Spur-Line Frieze: Ontario Line Joint Corridor Competition
Brown and Storey Architects were selected to submit a design concept for Metrolinx’s Ontario Line Joint Corridor Design Competition, which called on teams to submit innovative urban design and landscape architecture solutions for the Ontario Line infrastructure that will be built around the existing rail corridor extending from Eastern Avenue to Gerrard Street in Toronto.
Context and Cultural Heritage Sensitivity
The Four Zones: Emergent Identities in Time
A photographic inventory across of the scope of the Ontario Line subtly reveals the unique characteristics of each zone, from open park frontages to main and commercial street intersections, to mixes of residential and industrial buildings.
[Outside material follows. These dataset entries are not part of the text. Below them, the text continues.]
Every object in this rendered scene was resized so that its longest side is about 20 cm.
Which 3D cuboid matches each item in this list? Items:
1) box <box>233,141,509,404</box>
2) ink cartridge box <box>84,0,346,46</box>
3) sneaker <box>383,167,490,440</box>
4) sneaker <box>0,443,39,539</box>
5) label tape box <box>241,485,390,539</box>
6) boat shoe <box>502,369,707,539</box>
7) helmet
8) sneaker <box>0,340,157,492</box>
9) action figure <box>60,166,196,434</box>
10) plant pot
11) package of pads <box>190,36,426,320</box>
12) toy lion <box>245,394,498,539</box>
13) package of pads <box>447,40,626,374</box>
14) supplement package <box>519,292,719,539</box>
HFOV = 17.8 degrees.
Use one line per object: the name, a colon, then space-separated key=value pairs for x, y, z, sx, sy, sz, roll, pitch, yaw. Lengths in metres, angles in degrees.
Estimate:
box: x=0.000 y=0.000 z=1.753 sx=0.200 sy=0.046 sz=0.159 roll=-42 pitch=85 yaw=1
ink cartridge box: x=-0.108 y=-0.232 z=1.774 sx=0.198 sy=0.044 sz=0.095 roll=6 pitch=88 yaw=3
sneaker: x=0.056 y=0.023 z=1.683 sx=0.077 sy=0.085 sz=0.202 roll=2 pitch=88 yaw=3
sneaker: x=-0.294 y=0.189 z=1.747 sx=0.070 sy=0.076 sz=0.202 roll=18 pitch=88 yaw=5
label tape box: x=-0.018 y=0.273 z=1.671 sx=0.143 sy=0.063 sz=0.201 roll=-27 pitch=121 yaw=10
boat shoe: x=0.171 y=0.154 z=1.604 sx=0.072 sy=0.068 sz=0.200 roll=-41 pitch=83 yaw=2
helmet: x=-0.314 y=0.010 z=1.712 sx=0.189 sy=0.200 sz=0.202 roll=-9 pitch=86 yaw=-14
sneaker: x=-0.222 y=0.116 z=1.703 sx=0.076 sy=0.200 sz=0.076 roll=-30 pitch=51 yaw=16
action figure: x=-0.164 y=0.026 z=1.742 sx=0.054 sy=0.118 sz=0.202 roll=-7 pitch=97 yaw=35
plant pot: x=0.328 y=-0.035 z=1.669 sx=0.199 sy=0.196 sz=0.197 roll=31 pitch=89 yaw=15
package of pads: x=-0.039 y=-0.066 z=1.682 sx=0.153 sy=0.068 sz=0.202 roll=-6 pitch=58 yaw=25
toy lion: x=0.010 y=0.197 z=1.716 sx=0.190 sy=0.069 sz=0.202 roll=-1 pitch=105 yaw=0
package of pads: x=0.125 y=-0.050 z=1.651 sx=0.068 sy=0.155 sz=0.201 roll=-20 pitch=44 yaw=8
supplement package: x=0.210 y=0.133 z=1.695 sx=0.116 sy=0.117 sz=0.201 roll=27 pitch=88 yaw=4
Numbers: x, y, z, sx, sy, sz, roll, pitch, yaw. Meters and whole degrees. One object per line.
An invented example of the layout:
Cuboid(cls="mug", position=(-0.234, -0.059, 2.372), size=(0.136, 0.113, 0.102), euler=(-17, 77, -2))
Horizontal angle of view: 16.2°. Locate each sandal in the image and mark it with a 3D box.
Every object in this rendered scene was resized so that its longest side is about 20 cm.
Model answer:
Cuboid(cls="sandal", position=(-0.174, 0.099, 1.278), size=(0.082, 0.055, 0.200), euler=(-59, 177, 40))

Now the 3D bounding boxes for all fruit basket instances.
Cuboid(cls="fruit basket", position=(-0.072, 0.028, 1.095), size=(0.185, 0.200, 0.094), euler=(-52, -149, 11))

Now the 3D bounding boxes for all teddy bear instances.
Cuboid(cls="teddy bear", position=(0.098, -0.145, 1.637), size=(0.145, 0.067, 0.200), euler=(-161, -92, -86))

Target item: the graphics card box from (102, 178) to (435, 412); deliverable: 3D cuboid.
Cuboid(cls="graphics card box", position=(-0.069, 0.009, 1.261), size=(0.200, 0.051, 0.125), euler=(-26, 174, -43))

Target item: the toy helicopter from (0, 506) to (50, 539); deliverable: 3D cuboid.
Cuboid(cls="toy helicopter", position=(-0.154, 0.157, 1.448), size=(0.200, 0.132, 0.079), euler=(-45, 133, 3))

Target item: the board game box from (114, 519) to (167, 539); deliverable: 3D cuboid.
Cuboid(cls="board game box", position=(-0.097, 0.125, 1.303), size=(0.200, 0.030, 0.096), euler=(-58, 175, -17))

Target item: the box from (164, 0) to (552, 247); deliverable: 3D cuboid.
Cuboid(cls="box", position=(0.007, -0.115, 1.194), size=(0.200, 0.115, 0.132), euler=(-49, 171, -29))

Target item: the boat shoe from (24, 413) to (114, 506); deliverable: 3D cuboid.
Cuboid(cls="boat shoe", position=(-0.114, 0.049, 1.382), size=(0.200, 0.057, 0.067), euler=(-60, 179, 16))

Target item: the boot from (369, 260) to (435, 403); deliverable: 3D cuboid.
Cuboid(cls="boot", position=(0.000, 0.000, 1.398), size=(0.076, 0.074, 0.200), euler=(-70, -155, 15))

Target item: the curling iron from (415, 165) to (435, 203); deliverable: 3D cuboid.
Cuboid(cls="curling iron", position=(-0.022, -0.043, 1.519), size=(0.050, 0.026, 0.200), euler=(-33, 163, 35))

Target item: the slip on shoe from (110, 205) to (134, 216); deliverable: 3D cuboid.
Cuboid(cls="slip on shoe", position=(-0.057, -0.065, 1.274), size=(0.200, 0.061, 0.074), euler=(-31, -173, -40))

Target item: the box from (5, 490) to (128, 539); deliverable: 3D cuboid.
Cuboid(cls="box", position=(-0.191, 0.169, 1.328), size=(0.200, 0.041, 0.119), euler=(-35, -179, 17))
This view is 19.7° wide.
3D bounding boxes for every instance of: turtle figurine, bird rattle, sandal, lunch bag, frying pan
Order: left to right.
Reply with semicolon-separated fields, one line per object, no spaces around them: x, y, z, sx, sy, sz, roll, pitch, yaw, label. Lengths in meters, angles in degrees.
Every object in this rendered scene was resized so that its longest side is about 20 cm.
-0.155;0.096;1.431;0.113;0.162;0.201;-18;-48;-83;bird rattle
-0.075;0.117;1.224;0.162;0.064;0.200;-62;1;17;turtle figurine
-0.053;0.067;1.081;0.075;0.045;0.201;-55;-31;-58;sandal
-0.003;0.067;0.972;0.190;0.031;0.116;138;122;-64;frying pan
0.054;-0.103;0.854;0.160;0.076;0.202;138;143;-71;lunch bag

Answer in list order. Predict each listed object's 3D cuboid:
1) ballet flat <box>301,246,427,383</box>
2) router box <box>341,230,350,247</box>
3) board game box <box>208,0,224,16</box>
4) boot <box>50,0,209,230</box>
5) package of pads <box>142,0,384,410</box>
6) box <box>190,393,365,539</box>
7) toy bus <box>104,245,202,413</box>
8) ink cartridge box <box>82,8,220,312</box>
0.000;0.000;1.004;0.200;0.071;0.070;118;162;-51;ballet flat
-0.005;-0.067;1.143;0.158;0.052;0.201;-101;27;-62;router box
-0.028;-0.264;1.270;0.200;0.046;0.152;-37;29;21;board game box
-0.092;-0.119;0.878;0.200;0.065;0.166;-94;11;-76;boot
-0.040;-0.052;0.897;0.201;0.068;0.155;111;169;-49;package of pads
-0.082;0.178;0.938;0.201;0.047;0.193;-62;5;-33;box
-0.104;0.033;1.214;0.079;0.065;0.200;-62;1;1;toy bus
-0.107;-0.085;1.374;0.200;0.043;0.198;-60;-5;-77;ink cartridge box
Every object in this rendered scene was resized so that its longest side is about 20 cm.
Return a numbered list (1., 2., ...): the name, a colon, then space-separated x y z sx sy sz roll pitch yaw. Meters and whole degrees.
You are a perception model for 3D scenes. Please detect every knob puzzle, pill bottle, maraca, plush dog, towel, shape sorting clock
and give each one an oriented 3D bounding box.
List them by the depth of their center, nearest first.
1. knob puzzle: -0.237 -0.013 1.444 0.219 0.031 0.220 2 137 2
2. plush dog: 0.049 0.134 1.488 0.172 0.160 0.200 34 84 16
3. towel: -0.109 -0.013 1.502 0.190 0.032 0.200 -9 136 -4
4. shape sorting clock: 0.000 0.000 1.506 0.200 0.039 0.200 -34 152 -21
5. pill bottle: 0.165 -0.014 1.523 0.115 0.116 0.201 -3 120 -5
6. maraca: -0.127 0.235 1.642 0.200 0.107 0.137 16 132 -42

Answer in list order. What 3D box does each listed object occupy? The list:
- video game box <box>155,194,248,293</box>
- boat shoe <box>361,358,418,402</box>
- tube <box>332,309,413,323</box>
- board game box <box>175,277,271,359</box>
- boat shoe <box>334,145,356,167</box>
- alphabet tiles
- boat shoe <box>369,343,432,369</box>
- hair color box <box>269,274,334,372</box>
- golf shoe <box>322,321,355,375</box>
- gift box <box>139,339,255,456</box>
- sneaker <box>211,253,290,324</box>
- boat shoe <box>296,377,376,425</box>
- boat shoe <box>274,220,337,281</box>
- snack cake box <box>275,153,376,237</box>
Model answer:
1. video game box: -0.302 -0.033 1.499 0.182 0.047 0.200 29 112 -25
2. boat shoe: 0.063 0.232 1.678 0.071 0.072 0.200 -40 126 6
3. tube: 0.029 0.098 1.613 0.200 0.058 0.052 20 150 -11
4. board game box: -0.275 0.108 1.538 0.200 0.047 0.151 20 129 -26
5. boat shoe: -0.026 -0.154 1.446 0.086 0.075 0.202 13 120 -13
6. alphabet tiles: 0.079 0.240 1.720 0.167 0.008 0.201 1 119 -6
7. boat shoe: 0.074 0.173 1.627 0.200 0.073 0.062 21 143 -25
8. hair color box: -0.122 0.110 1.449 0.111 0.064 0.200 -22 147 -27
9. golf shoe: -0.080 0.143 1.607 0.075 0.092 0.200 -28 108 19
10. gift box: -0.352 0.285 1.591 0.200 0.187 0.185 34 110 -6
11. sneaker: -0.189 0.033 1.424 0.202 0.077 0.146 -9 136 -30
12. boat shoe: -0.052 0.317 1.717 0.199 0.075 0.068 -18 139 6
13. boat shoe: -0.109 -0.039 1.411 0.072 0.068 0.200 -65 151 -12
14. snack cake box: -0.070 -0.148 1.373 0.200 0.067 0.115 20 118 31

Across these differences are continuous vertical elements: chimney stacks and protrusions into the sky, reminders of the site’s evolving history.
Identity is not fixed or predetermined but is constantly evolving; interactions between people, places and objects through time form community identity. Community identities spring from an ongoing agential process of “in the making.” We are proposing a family of elements along the Ontario Line site that enter this identity-making.
Design Creativity, Innovation and Originality
A unique phenomenon, the Spur-Line Frieze wall and beacons punctuate the thin boundary line surrounding the four zones with a diverse range of visual imagery communicating an array of emergent identities across the neighbourhoods.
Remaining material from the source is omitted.